Let \({\mathcal {C}}(\sigma )\) denote the space of all configurations with inertia spectrum \(\sigma \). A configuration is said to be balanced if it is a critical point of the restriction of the potential function U to \({\mathcal {C}}(\sigma )\). Since I is constant on \({\mathcal {C}}(\sigma )\) it follows that any central configuration is also a balanced configuration. The variational argument used in this paper shows that there is always a balanced configuration in each non-empty \({\mathcal {C}}(\sigma )\).

Theorem 12

Given any finite subgroup G of \(\mathsf {O}(d)\), let \(\sigma \) be the inertia spectrum of some symmetric configuration. Then \({\mathcal {C}}(\sigma )^G\) is a non-empty closed subset of \({\mathcal {C}}(\sigma )\) and there is a symmetric balanced configuration in each component of \({\mathcal {C}}(\sigma )^G\), and indeed on \({\mathcal {C}}(\sigma )(\Gamma )\), for any topological Burnside type \(\Gamma \) for which \({\mathcal {C}}(\sigma )(\Gamma )\) is non-empty.

For example, the observation in Remark 3 holds equally well for balanced configurations.

Symmetry of a configuration will cause its inertia spectrum to have multiplicities.

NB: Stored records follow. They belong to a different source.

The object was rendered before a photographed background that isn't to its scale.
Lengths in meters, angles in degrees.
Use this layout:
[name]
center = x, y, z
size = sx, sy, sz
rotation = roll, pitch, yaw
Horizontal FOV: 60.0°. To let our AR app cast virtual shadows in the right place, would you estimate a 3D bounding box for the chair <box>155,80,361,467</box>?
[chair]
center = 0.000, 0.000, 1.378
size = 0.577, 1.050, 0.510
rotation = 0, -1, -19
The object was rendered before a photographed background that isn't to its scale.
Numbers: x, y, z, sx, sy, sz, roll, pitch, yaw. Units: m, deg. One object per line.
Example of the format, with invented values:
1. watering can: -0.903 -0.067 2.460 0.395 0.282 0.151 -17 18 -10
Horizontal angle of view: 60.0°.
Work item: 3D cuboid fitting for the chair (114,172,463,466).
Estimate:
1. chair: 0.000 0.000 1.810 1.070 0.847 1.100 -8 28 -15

Given a finite subgroup \(G<\mathsf {O}(d)\), decompose \({\mathbb {R}}^d\) as a sum of isotypic representations of G, \({\mathbb {R}}^d=\oplus _j E_j\). That is, each \(E_j\) is a sum of copies of isomorphic irreducible representations, and one can write \(E_j=W_j\otimes {\mathbb {R}}^{d_j}\), where \(W_j\) is an irreducible representation and \(d_j\) the multiplicity of that representation in \({\mathbb {R}}^d\). See for example the book of Serre (1977).

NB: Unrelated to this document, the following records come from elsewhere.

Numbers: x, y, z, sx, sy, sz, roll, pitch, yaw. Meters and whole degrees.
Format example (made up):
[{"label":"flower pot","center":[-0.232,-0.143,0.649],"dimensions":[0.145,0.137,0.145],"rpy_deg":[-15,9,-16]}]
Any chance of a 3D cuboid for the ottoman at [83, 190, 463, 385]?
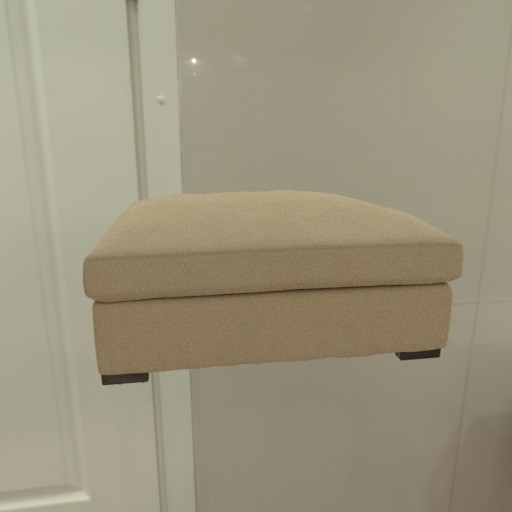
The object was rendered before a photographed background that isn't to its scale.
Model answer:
[{"label":"ottoman","center":[0.000,0.000,1.932],"dimensions":[1.205,0.522,1.190],"rpy_deg":[-2,14,-9]}]
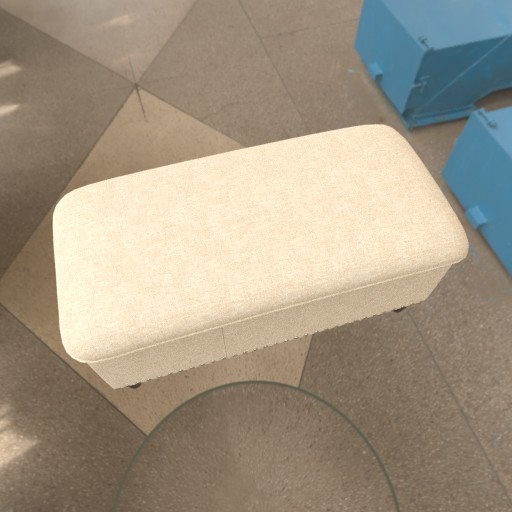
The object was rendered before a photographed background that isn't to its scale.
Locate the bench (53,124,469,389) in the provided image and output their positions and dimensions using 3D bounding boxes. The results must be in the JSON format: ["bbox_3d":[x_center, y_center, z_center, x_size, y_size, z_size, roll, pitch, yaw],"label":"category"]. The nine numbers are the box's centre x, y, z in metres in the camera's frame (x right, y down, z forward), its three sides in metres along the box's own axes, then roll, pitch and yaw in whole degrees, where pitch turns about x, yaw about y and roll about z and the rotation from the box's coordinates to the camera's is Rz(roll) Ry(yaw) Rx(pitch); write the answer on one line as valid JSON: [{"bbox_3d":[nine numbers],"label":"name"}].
[{"bbox_3d":[0.000,0.000,1.249,0.991,0.483,0.483,-14,60,-9],"label":"bench"}]

It is clear that for a symmetric configuration, for each matrix \(A\in G\), the symmetric matrix S satisfies \(A^TSA=S\). Since A is orthogonal, \(A^T=A^{-1}\) whence \(AS=SA\) for all \(A\in G\). It then follows from Schur’s Lemma (Serre 1977) that the matrix S block diagonalizes into a single block \(S_j\) for each \(E_j\). On the \(E_j\) block, the eigenvalues will have multiplicity at least \(\dim W_j\). In the particular case that \(d_j=1\), so \(E_j=W_j\) is irreducible, the symmetric matrix \(S_j\) will be a scalar matrix, equal to the moment of inertia of the projection of the configuration into \(E_j\) times the identity. Two immediate conclusions are as follows.

Proposition 13

Suppose \({\mathbb {R}}^d\) is an irreducible representation of \(G<\mathsf {O}(d)\). Then a symmetric configuration is balanced if and only if it is central.

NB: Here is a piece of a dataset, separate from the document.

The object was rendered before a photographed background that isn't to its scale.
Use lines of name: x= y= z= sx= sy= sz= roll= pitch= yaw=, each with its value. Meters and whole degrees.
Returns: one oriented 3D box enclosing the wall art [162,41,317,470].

For example, any balanced configuration with tetrahedral, octahedral or icosahedral symmetry is a central configuration (see Example 7).

Proof

In this case S is a scalar matrix, and fixing the inertia spectrum \(\sigma \) is equivalent to fixing the moment of inertia I.

Proposition 14

Suppose \({\mathbb {R}}^d=\oplus _j E_j\) is a multiplicity-free representation of the finite group G, (that is, no representation occurs with multiplicity \(>1\)). Then two configurations \(C_1,C_2\) with the same Burnside type have the same inertia spectrum if and only if, for each j, their images \(\pi _j(C_i)\) have the same moment of inertia, where \(\pi _j:{\mathbb {R}}^d\rightarrow E_j\) is the natural projection.

A simple example is the group \({\mathbb {Z}}_2\) acting on the plane by reflection in the y-axis. If we place 3 masses forming an isosceles triangle, at points \((0,a), (x,b), (-x,b)\) with masses \(m_1\) and \(m_2=m_3\) (and with centre of mass at the origin), one finds that the inertia spectrum is \(\sigma =\{2m_2x^2,\, 2\frac{m_2}{m_1}Mb^2\}\), where \(M=m_1+2m_2\) is the total mass. It follows in this simple case that \(\sigma \) determines the configuration and so the isosceles triangle is a balanced configuration, as is well-known. And indeed, any such configuration can form a relative equilibrium in \({\mathbb {R}}^4\).